映画『ウィキッド』は歴史的大作たちと同じ軌跡を辿るのか?
『タイタニック』から『ロード・オブ・ザ・リング』まで、時代をリードしたヒット作に続く作品となるのだろうか
2024年のアカデミー賞作品賞を受賞した『オッペンハイマー』はユニコーン的存在だった。 全世界で10億ドル近い興行収入を記録したこの映画について、オスカー賞に関する著書なども出しているマイケル・シュルマンはこう言った。クリストファー・ノーラン監督の伝記ドラマは「興行的に超大ヒット作であったのは勿論だが、高尚な歴史的題材を扱った点でも評価されるべき作品」 その基準に照らし合わせると、『ウィキッド』が今年その偉業を成し遂げるのは、少し厳しいかもしれない。
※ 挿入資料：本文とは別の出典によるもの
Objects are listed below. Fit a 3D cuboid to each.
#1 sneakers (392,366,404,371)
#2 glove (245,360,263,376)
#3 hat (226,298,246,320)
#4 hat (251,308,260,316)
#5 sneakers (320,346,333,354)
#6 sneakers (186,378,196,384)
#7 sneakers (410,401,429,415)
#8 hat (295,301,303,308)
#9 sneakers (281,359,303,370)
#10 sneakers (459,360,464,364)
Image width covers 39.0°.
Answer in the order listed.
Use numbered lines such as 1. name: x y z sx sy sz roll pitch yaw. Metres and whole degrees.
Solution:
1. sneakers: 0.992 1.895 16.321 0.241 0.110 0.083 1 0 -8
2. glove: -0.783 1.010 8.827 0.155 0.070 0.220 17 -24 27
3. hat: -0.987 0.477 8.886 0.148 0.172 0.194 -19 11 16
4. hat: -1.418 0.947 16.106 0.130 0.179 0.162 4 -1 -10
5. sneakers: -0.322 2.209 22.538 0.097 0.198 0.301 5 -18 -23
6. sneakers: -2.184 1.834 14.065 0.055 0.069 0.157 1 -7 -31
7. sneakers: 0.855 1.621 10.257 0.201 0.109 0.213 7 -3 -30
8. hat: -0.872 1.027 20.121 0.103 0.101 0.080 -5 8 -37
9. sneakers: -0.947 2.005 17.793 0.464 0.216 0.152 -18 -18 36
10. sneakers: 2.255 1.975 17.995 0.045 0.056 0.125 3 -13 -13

この作品は全世界で4億ドルに迫る猛烈な勢いだが、『オッペンハイマー』のようなシリアスな題材ベースではないからだ。 シュルマンは、シンシア・エリヴォとアリアナ・グランデ主演でブロードウェイのセンセーションを映画化したジョン・M・チュー監督の本作『ウィキッド』について、「これは超大作だが、ミュージカルなのでオスカーを獲得することはあまりないだろう」と語る。 「どちらかというと若い女の子をターゲットにしたもの。それが、受賞ハードルを上げてしまったとも思う。昨年の『バービー』のように」と彼は付け加え、『オッペンハイマー』に敗れたグレタ・ガーウィグのファンタジードラマを指した。 とはいえ、『ウィキッド』にはアクション・アドベンチャーという道もある。過去30年間でこのような大作が3本、作品賞を受賞している。米『ハリウッド・リポーター』は、これらの作品を振り返り、シュルマン監督の指導のもと、どのようにしてW受賞を勝ち取ったのかを考察した。
『タイタニック』 (1997)
興行収入:18億ドル 1997年と1998年に世界的大ヒットを記録し、アカデミー賞では11部門を受賞した。 ジェームズ・キャメロンが1997年に製作したRMSタイタニック号の沈没を再現する映画の予算は2億ドルで、当時の映画としては史上最高額だった。興行収入は毎週上昇を続け、10億ドルの大台を突破。商業的成功は否定できない。作品賞を含む史上最多の14部門でノミネートされ、11部門で受賞、批評家からも高い評価を得た。 この受賞についてシュルマンは言う。「『タイタニック』がアカデミー賞受賞する頃には、世界的な現象になっていました」 この映画によって、第70回アカデミー賞がアカデミー賞史上最多の視聴者数を記録したことでも知られている。 レオナルド・ディカプリオがノミネートされなかったことに数百人のファンが激怒し、アカデミー賞主催者へ再集計を要求する電話やメールを送ったと伝えられている。 『タイタニック』への熱狂ぶりは、小規模な広告掲載とアカデミー会員向けの無料上映を除けば、実際のキャンペーンを一切行わなくても、同部門のトップライバルの追随をまったく許さないほどであった。